_Data entries_.
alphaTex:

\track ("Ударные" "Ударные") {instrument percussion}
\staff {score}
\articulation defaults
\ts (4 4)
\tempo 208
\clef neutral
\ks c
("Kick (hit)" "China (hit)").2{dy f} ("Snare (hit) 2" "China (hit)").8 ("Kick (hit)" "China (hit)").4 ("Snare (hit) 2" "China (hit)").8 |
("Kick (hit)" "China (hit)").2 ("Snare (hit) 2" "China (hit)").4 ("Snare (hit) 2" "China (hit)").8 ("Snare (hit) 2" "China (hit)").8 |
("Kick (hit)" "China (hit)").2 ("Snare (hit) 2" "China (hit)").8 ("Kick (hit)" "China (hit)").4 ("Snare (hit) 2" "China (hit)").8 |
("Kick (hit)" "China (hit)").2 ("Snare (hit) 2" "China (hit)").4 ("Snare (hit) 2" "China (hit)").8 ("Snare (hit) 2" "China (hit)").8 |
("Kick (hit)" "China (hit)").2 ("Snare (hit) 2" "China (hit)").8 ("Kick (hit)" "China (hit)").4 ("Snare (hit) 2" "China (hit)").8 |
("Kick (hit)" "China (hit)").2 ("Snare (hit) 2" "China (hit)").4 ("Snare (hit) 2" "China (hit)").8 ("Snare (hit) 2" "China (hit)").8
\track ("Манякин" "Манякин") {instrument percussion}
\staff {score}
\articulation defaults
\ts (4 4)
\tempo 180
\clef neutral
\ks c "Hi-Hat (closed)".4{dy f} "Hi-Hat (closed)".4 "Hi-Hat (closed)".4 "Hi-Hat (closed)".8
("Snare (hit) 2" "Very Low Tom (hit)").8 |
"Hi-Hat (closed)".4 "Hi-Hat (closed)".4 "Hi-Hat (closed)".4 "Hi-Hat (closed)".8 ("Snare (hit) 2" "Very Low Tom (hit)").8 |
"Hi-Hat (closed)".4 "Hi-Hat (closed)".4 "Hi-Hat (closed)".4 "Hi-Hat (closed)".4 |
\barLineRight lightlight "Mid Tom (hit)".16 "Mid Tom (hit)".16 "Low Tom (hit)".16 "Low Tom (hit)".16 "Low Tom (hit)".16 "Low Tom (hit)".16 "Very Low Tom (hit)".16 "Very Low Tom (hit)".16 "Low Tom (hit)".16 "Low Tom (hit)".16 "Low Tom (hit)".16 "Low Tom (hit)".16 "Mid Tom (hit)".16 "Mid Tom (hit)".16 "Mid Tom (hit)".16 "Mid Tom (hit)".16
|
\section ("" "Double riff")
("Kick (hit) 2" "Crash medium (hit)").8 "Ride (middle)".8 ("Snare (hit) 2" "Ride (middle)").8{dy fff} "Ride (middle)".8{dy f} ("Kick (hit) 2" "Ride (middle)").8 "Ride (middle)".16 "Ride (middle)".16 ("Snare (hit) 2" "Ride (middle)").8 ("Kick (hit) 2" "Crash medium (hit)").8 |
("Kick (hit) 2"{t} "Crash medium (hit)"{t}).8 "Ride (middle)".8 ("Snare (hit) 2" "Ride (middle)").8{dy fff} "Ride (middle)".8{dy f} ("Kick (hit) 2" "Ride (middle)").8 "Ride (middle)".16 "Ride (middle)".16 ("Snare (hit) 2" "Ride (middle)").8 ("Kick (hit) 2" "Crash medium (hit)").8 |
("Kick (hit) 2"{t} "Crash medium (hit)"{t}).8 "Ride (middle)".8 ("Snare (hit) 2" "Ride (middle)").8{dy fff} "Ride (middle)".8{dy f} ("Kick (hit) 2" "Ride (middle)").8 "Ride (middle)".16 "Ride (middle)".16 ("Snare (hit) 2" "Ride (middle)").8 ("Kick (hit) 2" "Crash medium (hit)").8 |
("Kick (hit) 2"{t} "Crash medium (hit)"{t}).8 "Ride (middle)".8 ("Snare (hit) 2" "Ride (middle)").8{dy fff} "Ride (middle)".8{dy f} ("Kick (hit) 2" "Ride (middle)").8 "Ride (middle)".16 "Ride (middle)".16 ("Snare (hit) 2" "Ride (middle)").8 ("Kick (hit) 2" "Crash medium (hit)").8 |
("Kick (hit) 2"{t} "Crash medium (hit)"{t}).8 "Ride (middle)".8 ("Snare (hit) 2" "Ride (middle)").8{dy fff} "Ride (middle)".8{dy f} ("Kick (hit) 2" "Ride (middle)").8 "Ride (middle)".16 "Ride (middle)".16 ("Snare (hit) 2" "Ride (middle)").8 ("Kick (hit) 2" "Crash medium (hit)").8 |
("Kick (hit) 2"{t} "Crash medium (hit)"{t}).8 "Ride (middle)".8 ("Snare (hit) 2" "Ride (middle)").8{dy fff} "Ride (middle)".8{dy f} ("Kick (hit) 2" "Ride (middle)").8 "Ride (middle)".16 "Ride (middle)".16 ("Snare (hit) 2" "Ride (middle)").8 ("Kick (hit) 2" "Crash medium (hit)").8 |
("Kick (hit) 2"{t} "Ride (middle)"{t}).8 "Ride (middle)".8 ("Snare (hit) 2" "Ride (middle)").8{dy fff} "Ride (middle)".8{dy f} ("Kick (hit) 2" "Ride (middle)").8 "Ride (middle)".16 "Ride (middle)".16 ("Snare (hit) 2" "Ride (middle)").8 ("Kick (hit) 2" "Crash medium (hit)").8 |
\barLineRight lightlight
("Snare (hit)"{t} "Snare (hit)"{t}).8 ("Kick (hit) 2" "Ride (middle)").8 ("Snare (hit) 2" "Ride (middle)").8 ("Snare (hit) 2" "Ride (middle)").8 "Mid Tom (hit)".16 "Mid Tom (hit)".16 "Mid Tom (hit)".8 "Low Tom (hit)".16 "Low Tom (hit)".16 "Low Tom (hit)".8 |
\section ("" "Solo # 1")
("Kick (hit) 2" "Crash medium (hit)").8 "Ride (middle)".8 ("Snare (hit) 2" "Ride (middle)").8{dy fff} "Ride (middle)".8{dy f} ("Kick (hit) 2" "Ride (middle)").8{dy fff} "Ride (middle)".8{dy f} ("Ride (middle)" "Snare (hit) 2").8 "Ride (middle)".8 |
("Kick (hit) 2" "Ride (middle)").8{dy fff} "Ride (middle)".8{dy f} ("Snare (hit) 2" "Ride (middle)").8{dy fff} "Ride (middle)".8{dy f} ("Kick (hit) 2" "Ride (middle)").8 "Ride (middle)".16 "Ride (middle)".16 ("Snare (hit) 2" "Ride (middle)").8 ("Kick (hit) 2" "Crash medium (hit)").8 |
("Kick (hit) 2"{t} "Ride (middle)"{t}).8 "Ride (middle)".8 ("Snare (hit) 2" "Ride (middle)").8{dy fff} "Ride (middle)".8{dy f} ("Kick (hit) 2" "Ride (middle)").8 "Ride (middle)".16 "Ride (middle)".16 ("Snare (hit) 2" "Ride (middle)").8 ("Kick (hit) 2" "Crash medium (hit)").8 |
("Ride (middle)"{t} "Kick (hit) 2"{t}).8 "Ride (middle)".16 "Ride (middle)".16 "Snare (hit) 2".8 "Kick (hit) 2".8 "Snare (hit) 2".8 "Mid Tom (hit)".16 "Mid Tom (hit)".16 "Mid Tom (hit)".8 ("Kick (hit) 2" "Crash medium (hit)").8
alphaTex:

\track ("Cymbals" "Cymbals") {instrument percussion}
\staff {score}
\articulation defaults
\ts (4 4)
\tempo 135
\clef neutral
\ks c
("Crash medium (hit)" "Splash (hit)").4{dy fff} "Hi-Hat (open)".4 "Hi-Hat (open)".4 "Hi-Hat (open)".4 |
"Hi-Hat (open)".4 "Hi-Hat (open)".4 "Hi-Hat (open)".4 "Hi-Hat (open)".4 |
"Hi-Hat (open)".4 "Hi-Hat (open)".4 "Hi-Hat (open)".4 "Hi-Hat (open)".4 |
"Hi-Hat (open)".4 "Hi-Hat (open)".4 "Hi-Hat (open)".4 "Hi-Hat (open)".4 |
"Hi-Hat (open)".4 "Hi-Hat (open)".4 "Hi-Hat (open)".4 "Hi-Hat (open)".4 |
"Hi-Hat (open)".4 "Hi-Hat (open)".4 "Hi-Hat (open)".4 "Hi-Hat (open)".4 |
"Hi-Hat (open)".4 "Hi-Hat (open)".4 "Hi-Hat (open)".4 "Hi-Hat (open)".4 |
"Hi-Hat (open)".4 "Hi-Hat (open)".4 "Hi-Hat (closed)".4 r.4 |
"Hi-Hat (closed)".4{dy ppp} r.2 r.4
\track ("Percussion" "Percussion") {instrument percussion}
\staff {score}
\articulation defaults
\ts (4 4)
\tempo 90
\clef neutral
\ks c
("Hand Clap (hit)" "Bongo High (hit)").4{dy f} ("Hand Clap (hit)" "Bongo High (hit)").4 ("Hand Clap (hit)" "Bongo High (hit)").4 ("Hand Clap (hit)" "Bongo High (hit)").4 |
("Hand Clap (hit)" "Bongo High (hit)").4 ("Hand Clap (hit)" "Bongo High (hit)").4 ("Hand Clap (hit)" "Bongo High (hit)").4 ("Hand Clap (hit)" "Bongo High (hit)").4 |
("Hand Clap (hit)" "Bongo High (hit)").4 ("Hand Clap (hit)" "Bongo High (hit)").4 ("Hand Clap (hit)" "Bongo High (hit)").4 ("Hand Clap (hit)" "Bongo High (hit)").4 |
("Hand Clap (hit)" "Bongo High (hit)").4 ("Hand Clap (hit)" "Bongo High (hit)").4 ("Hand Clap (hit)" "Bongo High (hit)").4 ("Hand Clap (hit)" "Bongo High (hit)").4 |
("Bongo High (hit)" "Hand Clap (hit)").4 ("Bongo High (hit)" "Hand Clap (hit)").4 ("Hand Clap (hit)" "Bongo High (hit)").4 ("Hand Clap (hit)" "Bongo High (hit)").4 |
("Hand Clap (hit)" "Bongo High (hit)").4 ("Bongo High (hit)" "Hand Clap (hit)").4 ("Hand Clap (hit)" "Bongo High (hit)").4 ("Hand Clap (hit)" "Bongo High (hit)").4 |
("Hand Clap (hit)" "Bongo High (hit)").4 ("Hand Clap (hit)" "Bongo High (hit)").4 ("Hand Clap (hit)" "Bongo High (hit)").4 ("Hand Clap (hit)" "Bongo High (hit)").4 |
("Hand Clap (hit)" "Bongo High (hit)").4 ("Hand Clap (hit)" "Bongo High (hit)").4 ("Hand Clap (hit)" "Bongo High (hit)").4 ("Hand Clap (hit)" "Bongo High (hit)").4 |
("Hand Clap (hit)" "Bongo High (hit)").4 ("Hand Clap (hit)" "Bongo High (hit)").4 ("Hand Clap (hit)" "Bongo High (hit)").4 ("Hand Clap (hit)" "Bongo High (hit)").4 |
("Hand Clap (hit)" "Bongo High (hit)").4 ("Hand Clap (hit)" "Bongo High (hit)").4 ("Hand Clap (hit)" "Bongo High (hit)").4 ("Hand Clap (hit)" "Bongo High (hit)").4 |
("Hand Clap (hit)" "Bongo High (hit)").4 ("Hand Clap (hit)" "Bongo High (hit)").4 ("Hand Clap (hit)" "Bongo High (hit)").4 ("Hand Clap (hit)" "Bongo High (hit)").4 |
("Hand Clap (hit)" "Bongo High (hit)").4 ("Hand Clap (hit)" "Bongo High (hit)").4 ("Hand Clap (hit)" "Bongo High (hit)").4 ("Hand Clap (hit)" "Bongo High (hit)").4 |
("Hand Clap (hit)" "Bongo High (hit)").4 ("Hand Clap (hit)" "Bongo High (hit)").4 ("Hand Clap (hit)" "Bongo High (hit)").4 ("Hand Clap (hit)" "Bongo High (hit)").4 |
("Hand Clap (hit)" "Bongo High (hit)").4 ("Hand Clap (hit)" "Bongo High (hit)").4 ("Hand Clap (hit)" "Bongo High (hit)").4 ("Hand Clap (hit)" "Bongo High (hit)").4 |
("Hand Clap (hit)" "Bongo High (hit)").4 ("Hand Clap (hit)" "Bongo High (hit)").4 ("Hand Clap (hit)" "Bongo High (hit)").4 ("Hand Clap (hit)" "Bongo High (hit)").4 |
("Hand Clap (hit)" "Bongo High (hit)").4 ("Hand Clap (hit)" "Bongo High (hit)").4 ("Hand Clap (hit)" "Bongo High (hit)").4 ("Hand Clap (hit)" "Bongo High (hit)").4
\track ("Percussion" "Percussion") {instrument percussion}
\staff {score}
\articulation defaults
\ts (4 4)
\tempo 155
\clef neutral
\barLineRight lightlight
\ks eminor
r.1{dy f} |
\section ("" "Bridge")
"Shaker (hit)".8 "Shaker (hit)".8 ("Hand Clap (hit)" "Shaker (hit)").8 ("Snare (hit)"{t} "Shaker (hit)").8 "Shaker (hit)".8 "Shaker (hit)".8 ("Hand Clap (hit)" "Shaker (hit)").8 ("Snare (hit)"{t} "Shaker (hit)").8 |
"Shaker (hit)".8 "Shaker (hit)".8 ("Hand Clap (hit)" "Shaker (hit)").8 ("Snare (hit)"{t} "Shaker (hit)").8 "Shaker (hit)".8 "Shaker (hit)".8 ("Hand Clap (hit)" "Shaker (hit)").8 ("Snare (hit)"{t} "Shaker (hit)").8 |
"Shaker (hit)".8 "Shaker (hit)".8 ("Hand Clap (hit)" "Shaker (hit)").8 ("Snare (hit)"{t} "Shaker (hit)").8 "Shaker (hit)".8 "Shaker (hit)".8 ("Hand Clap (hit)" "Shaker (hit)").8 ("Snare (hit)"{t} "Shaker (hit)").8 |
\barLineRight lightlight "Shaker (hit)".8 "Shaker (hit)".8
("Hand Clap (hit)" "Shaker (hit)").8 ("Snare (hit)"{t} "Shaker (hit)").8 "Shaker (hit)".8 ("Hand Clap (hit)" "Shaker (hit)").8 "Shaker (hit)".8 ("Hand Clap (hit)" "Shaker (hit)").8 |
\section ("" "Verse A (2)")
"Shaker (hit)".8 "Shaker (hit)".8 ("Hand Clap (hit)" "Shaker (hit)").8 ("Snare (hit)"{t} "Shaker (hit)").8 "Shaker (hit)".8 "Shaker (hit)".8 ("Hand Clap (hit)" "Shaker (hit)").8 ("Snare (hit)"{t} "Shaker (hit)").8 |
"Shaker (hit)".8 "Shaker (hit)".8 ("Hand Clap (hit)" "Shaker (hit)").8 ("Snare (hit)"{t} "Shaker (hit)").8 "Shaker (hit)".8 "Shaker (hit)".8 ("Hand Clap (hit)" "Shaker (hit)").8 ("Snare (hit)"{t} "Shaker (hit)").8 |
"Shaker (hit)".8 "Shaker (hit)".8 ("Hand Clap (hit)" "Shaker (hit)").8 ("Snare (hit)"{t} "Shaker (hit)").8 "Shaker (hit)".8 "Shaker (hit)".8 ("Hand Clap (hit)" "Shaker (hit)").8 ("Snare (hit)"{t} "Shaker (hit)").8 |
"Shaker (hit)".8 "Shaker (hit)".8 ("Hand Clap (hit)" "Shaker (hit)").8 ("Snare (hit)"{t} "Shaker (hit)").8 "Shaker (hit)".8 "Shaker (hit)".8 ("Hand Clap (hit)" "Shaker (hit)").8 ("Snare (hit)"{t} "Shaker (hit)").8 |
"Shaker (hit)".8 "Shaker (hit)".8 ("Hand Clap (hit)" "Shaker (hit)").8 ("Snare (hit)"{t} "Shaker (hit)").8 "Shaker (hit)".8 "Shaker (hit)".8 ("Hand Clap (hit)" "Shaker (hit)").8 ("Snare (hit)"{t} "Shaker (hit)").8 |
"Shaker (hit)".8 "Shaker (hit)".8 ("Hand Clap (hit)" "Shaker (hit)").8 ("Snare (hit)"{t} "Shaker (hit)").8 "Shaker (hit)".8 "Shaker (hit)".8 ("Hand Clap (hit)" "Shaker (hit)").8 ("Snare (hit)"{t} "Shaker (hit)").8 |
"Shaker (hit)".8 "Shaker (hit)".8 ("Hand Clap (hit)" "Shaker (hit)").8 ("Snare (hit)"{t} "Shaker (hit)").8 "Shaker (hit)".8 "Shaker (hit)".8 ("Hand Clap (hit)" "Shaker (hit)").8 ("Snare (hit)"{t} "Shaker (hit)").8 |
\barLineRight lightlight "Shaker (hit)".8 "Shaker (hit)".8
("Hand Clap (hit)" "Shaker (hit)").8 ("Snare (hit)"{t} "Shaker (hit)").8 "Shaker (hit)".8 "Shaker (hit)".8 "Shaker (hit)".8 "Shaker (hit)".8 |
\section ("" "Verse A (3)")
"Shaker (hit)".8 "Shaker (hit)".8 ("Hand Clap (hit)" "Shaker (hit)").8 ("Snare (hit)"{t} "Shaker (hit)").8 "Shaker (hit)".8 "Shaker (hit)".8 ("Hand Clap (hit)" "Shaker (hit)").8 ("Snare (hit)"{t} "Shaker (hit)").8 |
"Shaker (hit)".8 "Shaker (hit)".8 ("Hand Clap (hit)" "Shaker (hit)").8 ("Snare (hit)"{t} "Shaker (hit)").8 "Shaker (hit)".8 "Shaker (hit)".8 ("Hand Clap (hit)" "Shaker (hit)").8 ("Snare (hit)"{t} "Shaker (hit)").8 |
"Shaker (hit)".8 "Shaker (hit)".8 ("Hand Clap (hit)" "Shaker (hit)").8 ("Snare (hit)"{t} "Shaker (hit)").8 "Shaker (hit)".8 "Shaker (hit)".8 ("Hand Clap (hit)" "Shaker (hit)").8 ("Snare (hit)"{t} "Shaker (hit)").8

_Exercise instructions_. For each line above that includes "tempo", copy the line.

_Response below_.
\tempo 208
\tempo 180
\tempo 135
\tempo 90
\tempo 155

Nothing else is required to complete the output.